*The task*. Would you retype exactly the lines below, starting with the one that has "remote control: (0.764, -0.019, 2.484);" and going on through the one that has "rotation=(-11, 48, 0))", with no pictures and nothing else?

*Dataset*.
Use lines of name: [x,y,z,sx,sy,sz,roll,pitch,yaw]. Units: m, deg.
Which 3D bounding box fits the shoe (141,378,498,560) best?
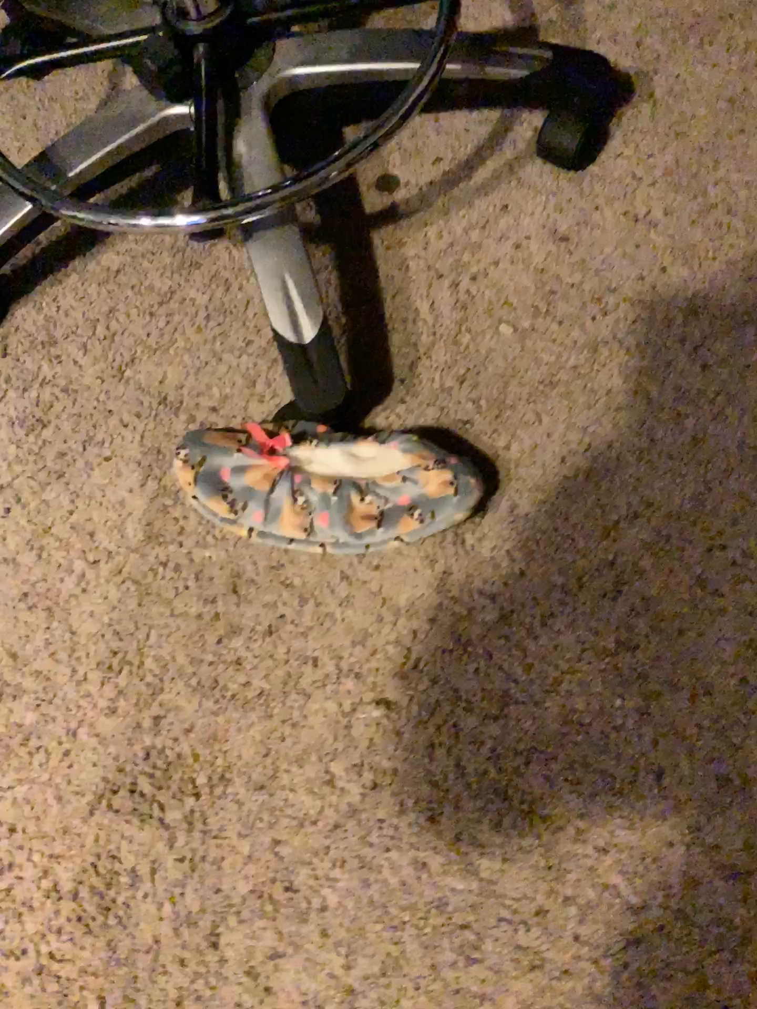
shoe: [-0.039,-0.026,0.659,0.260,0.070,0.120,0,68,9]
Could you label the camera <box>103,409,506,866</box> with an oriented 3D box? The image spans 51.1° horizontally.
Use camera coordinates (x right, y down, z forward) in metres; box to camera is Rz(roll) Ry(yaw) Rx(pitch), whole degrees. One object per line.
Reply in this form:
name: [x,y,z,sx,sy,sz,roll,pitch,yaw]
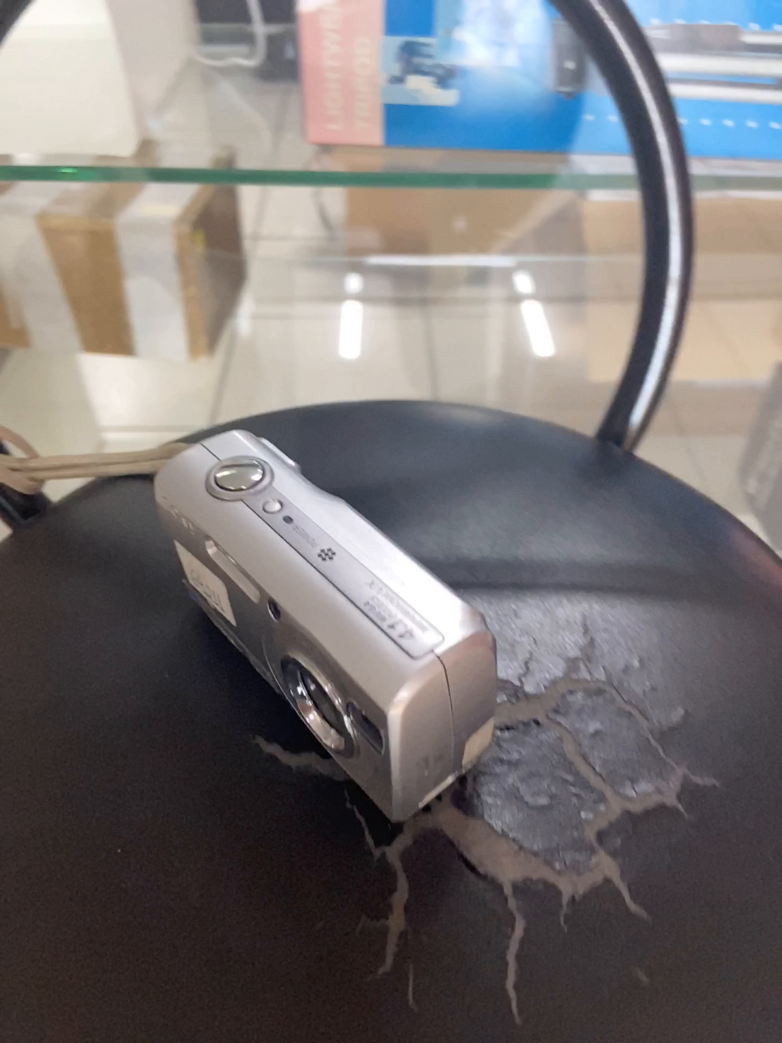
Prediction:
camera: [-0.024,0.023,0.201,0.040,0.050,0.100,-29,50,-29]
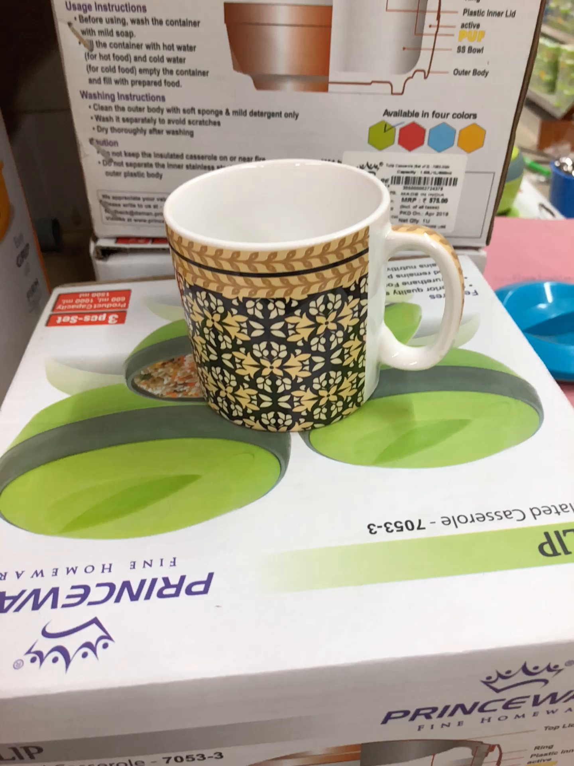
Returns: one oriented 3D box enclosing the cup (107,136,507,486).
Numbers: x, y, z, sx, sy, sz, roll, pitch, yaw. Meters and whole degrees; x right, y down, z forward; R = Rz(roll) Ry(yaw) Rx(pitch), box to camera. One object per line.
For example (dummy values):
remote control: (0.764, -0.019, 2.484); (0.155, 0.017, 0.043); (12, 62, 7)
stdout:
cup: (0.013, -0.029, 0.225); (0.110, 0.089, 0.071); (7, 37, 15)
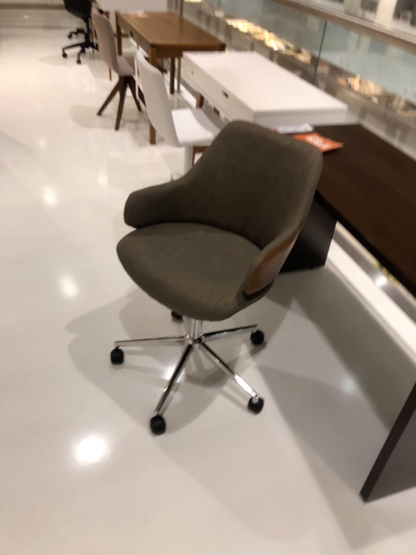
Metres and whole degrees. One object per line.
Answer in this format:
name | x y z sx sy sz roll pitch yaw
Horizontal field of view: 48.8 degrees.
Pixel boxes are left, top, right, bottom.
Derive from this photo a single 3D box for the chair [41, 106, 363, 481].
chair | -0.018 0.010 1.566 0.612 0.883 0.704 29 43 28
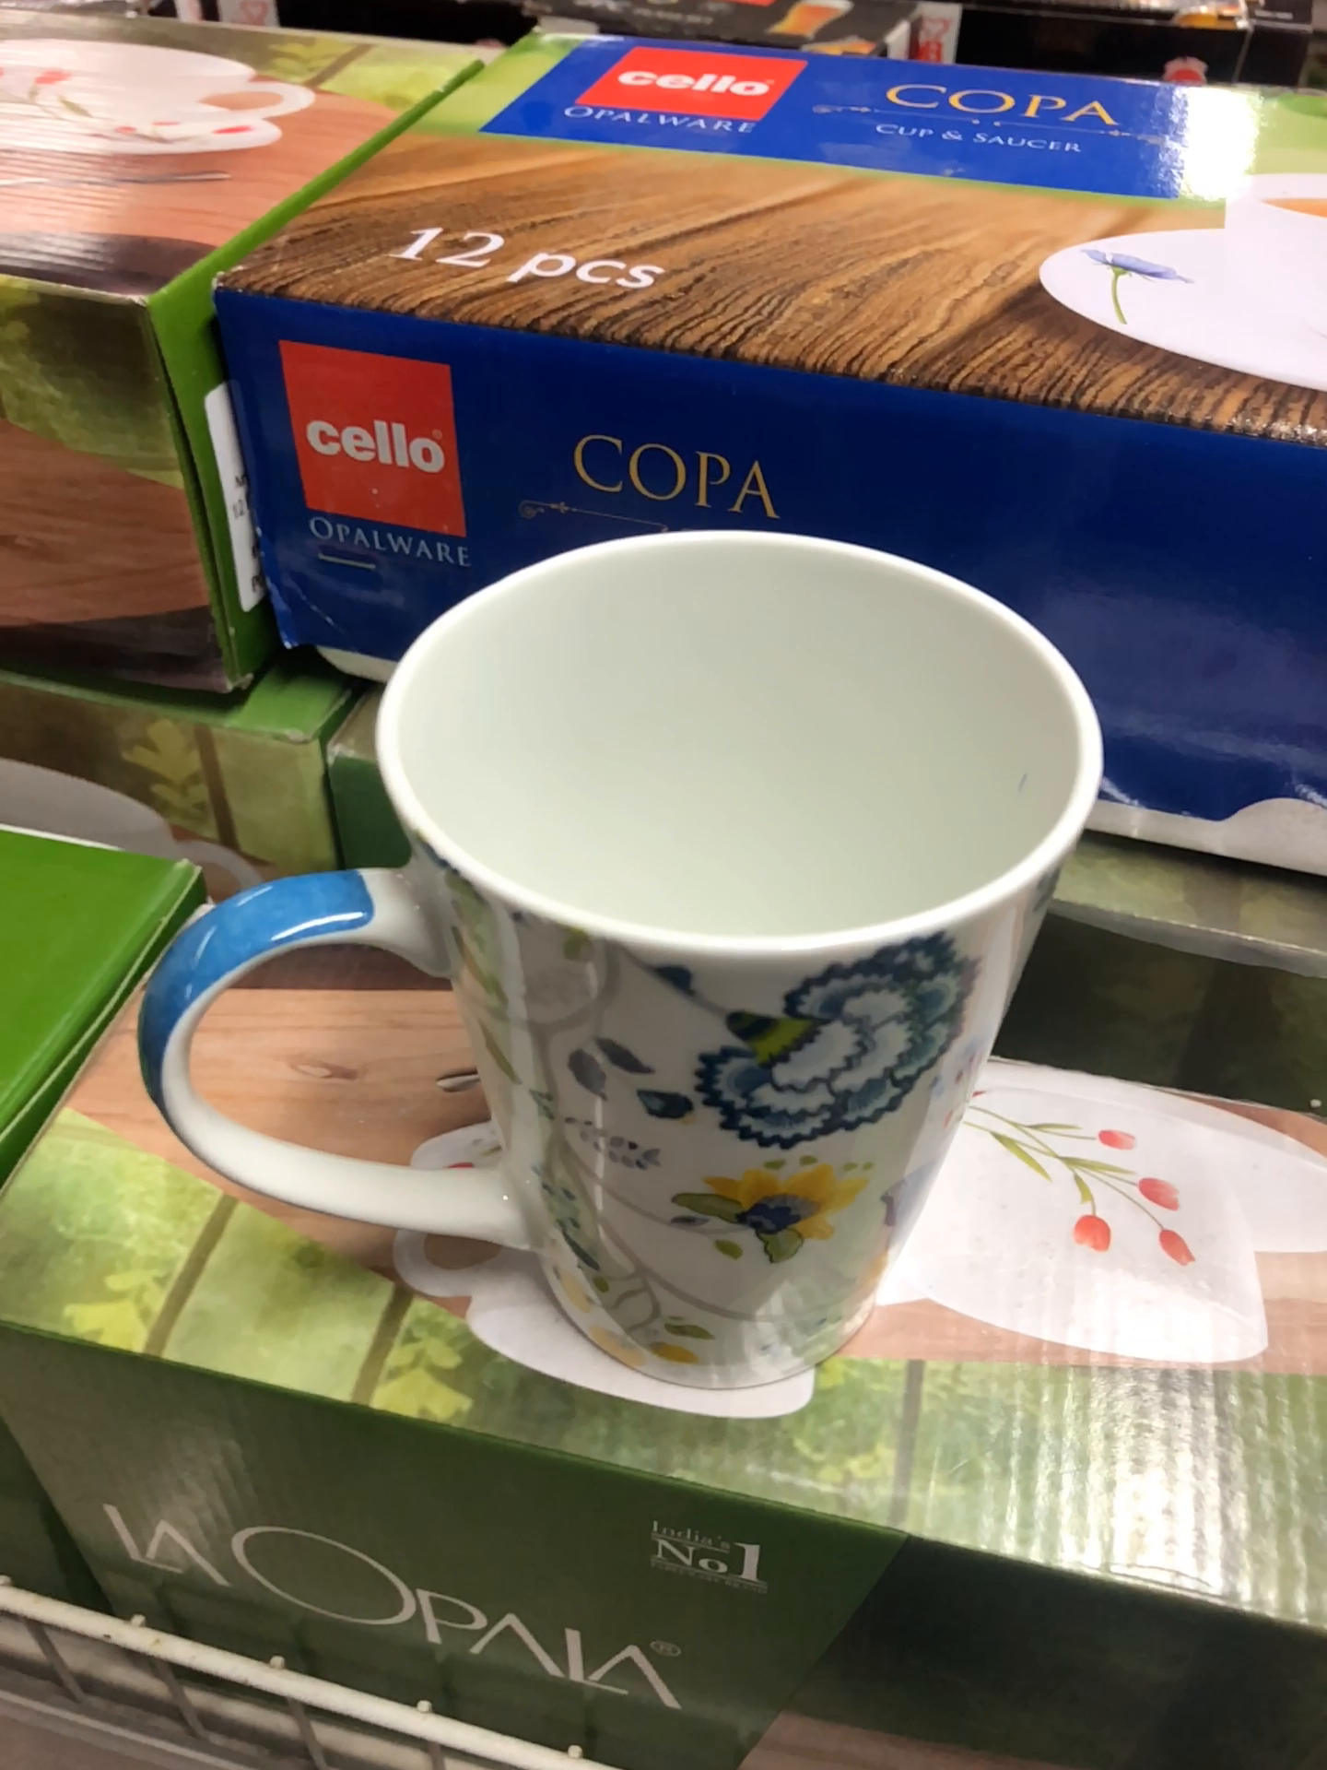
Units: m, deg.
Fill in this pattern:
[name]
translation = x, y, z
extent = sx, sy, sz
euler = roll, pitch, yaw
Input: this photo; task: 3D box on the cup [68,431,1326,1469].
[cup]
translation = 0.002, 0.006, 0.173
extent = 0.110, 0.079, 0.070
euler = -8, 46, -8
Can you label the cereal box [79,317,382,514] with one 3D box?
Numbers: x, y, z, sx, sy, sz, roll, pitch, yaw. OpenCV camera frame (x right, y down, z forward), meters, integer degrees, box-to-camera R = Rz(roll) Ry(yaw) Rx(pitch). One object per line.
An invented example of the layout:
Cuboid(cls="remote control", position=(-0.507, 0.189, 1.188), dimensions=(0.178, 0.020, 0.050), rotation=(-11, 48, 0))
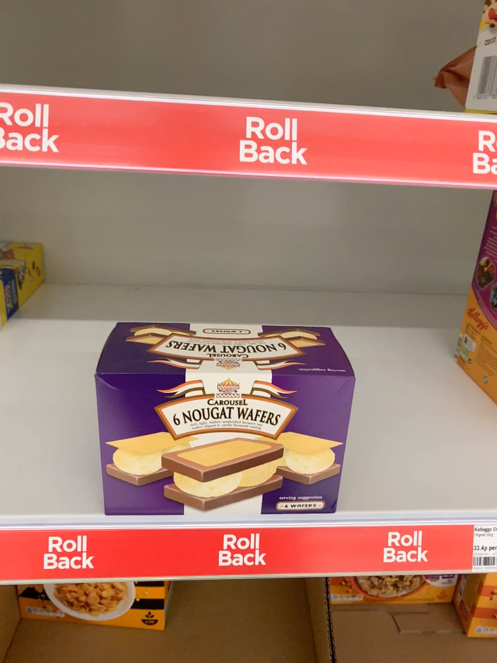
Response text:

*Solution to this task*.
remote control: (0.764, -0.019, 2.484); (0.155, 0.017, 0.043); (12, 62, 7)
stdout:
cup: (0.013, -0.029, 0.225); (0.110, 0.089, 0.071); (7, 37, 15)
Metres and whole degrees. One object per line.
Answer in this format:
name | x y z sx sy sz roll pitch yaw
Horizontal field of view: 48.8 degrees.
Pixel boxes are left, top, right, bottom.
Derive from this photo a single 3D box for the chair [41, 106, 363, 481].
chair | -0.018 0.010 1.566 0.612 0.883 0.704 29 43 28
Units: m, deg.
Fill in this pattern:
[name]
translation = x, y, z
extent = sx, sy, sz
euler = roll, pitch, yaw
Input: this photo; task: 3D box on the cup [68,431,1326,1469].
[cup]
translation = 0.002, 0.006, 0.173
extent = 0.110, 0.079, 0.070
euler = -8, 46, -8
Can you label the cereal box [79,317,382,514] with one 3D box?
Numbers: x, y, z, sx, sy, sz, roll, pitch, yaw. OpenCV camera frame (x right, y down, z forward), meters, integer degrees, box-to-camera R = Rz(roll) Ry(yaw) Rx(pitch). One object per line.
An invented example of the layout:
Cuboid(cls="remote control", position=(-0.507, 0.189, 1.188), dimensions=(0.178, 0.020, 0.050), rotation=(-11, 48, 0))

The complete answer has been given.